Издали послышался шум моторов и две чёрные точки стали медленно подниматься над горизонтом.

Начальник аэропорта оборчивается, щурится от солнца, пытаясь разглядеть говорящего: "Пять минут, товарищ Харламов".

— Может быть полетите позже, — в глазах Каминского зажглись насмешливые огоньки. — завтра тоже будут полёты.

По опущеной вниз лестнице карабкались вверх два подростка лет десяти: девочка и мальчик, а провожавшая их женщина шла навстречу нам и всё время оглядывалась на них.

"Блин, что же делать? Остаться на земле и добиваться отмены вылета? Ну, отменят этот вылет, сдадут меня в психушку, а затем продолжат свои эксперименты.

Полететь сейчас и попытаться поговорить с пилотами? С начальством — бесполезно, оно ни за что не отвечает и всегда ни при чём".

Бросаюсь бегом к самолёту и легко взлетаю наверх по крутым ступеням почти не держась за поручни. Стоящий сбоку от входа авиамеханик начинает крутить лебёдку подъёмного механизма трапа. Аэродромные авиамеханики, стоя в кузовах двух автомобилей начинают пневматическую раскрутку винтов. Наконец-то трап зафиксиван, входной люк в полу закрыт и стало тише. Прошу молодую улыбчивую бортпроводницу, появившуюся из пассажирского салона в хвосте самолёта, проводить меня к лётчикам. Та призывно машет, следуй, мол, за мной, шум от работавших рядом в крыльях двигателей, всё-таки, не располагает к разговорам. Высокий потолок в проходе позволяет идти свободно, не пригибаясь. Проходим радиорубку, массивная радиостанция соседствует со шкафом портативной АТС, привинченной к переборке отсека через пружинные амортизаторы, попадаем в пассажирское купе на восемь мест, занятых серьёзными мужчинами в костюмах. Дальше двустворчатая металическая дверь в кабину пилотов, открытая сейчас, а за ней виден ещё один пассажирский салон, в конце которого, в самом носу самолёта, место штурмана. В дверной проём сквозь лобовое стекло виднеется кусочек синего неба, а по бокам на возвышении — кресла лётчиков.

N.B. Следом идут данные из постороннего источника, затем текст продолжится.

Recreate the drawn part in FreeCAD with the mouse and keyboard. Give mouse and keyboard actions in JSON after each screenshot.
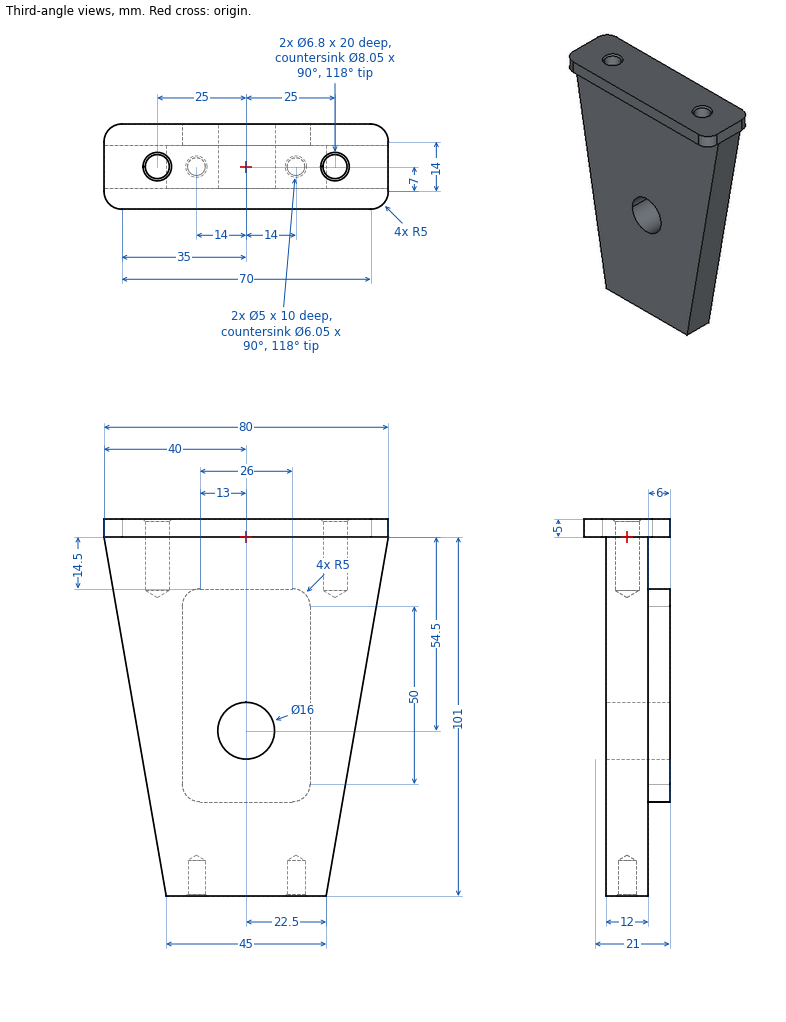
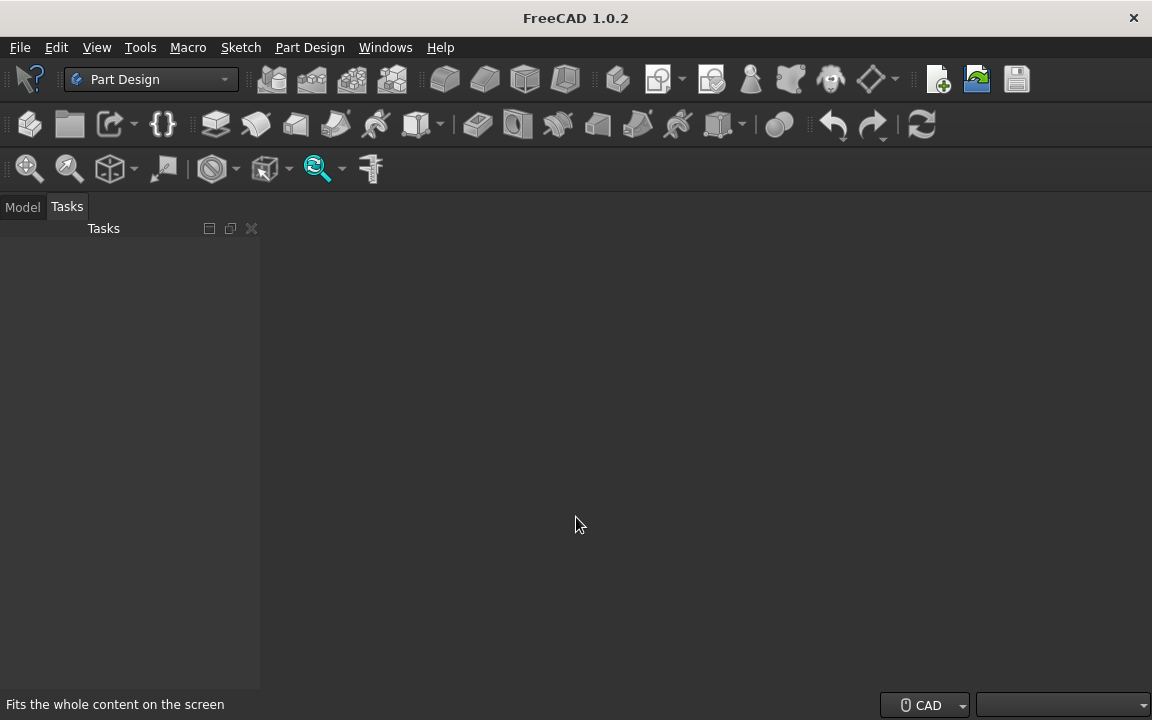
{"action": "key", "text": "ctrl+n"}
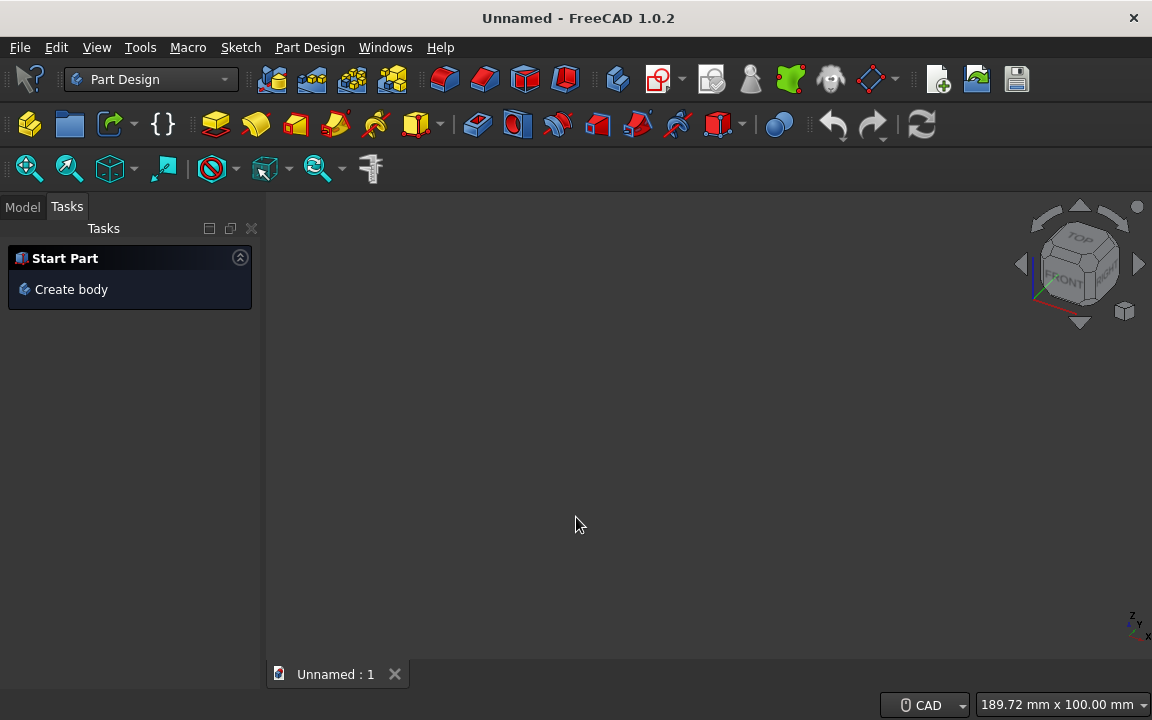
{"action": "left_click", "coordinate": [658, 80]}
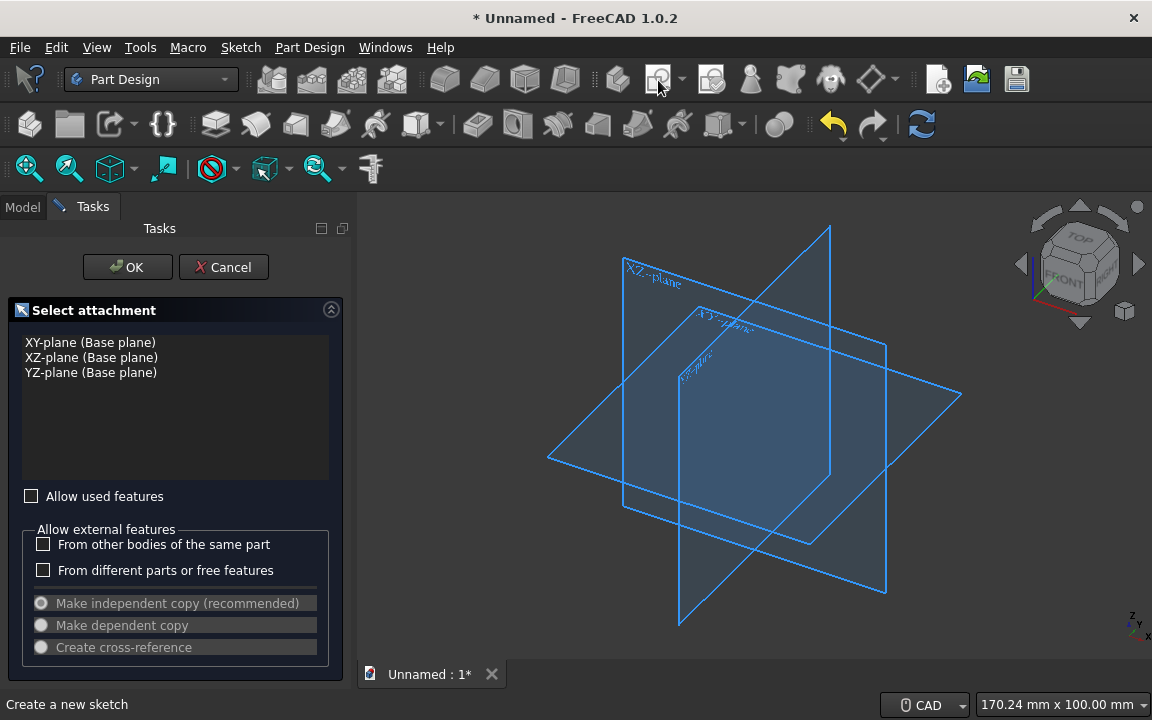
{"action": "left_click", "coordinate": [82, 342]}

— Товарищ Журов, — кричит моя проводница запрокинув голову назад.

Небо заслоняет голова лётчика.

— Товарищ Журов, моя фамилия Чаганов, — перехватываю инициативу. — разрешите к вам в кабину?

Лётчик окидывает меня оценивающим взглядом.

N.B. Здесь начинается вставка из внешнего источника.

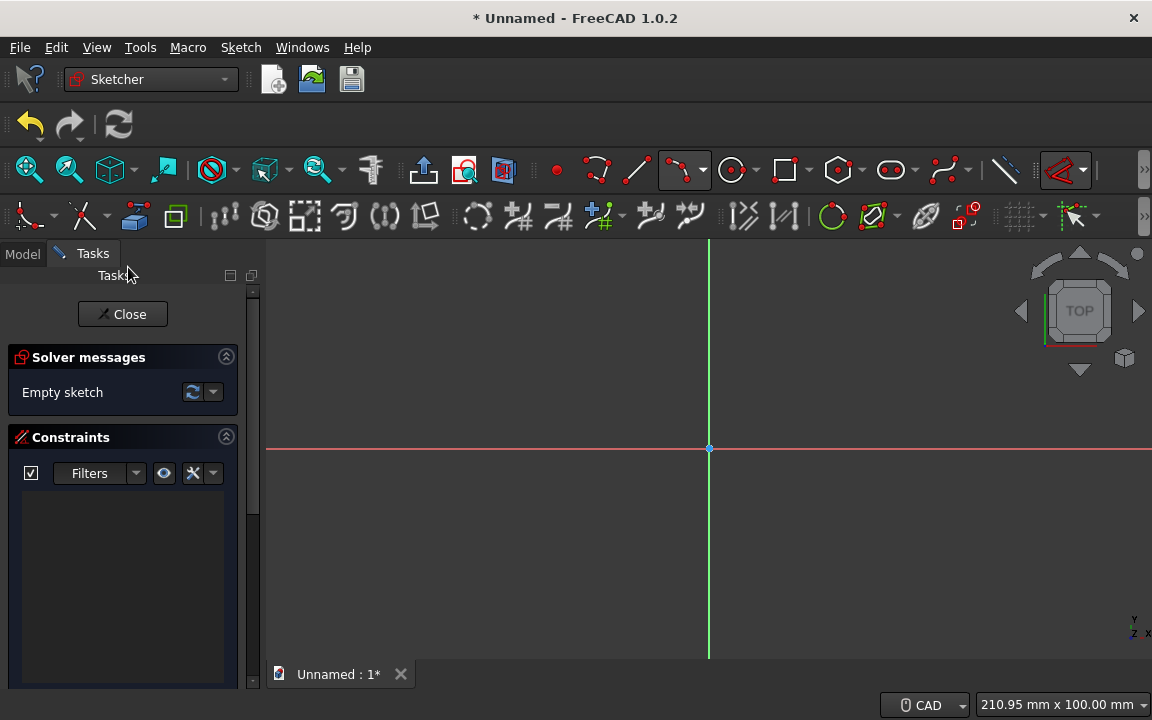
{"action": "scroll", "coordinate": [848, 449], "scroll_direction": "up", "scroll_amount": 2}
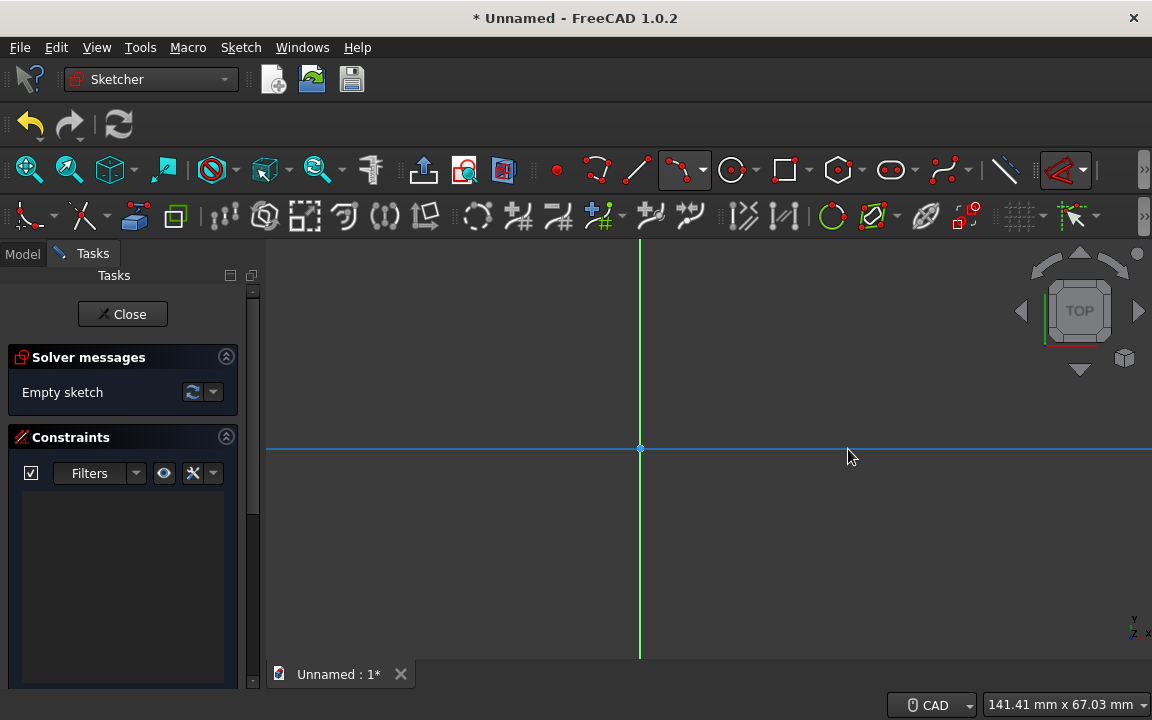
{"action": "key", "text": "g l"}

— Ну, давай, заходи, коль не трус.

Захожу в кабину пилотов и оглядываюсь не находя сиденье для себя, их только два: для пилотов. Засмеявшись, второй пилот достаёт из-за своего кресла кусок широкой толстой доски и кладёт её поперёк прохода, закрывает дверь на засов. Получается что-то вроде сиденья с дверью в качестве спинки. В довершение получаю настоящий кожаный лётный шлем, предел моих детских мечтаний.

— Место инструктора, — подмигивает мне Журов.

"Хорошо вышло… обзор, конечно, будет похуже, чем у пилотов, сидящих справа и слева от меня, но намного лучше если бы я остался стоять внизу в проходе".

Командир с напарником сидят за штурвалами похожими на автомобильные баранки, перед каждым свой набор приборов.

— Взлёт! — командует Журов в ответ на взмах флажка выпускающего.

Я берусь руками за спинки кресел лётчиков. Самолёт начал плавно ускоряться слегка покачиваясь из стороны в сторону, после короткой разбежки легко отрывается от земли и нежиданно быстро для своего грузного тела набирает высоту. Михеев — второй пилот, а точнее, как я понял из обрывков фраз, которыми обменивались лётчики, приёмщик самолёта от военных, по переговорному устройству, микрофон которого на металической штанге закреплён впереди и чуть выше голов пилотов, начинает принимать доклады с постов мотористов в крыльях и авиамеханика в хвосте самолёта.

"Максим Горький" делает широкий круг на аэродромом, вдали видны кремлёвские башни и золотые купола храмов. Начинаю усиленно крутить головой в поисках наших самолётов сопровождения, но обзор у меня из кабины пилотов не очень: только вперёд и в стороны — четверть сферы.

"Может Благин передумал хулиганить"?

Как бы отвечая на мой вопрос справа от МГ появляется маленький одноместный биплан и не спеша начинает обгонять нас.

"Как-то не чувствуется особой быстроты в этой этажерке, даже по сравнением с нашим медлительным гигантом. Впрочем, гигантский в нем, на мой взгляд, только размах крыльев (63 метра), а по другим габаритам — уровень, скажем, ИЛ-18".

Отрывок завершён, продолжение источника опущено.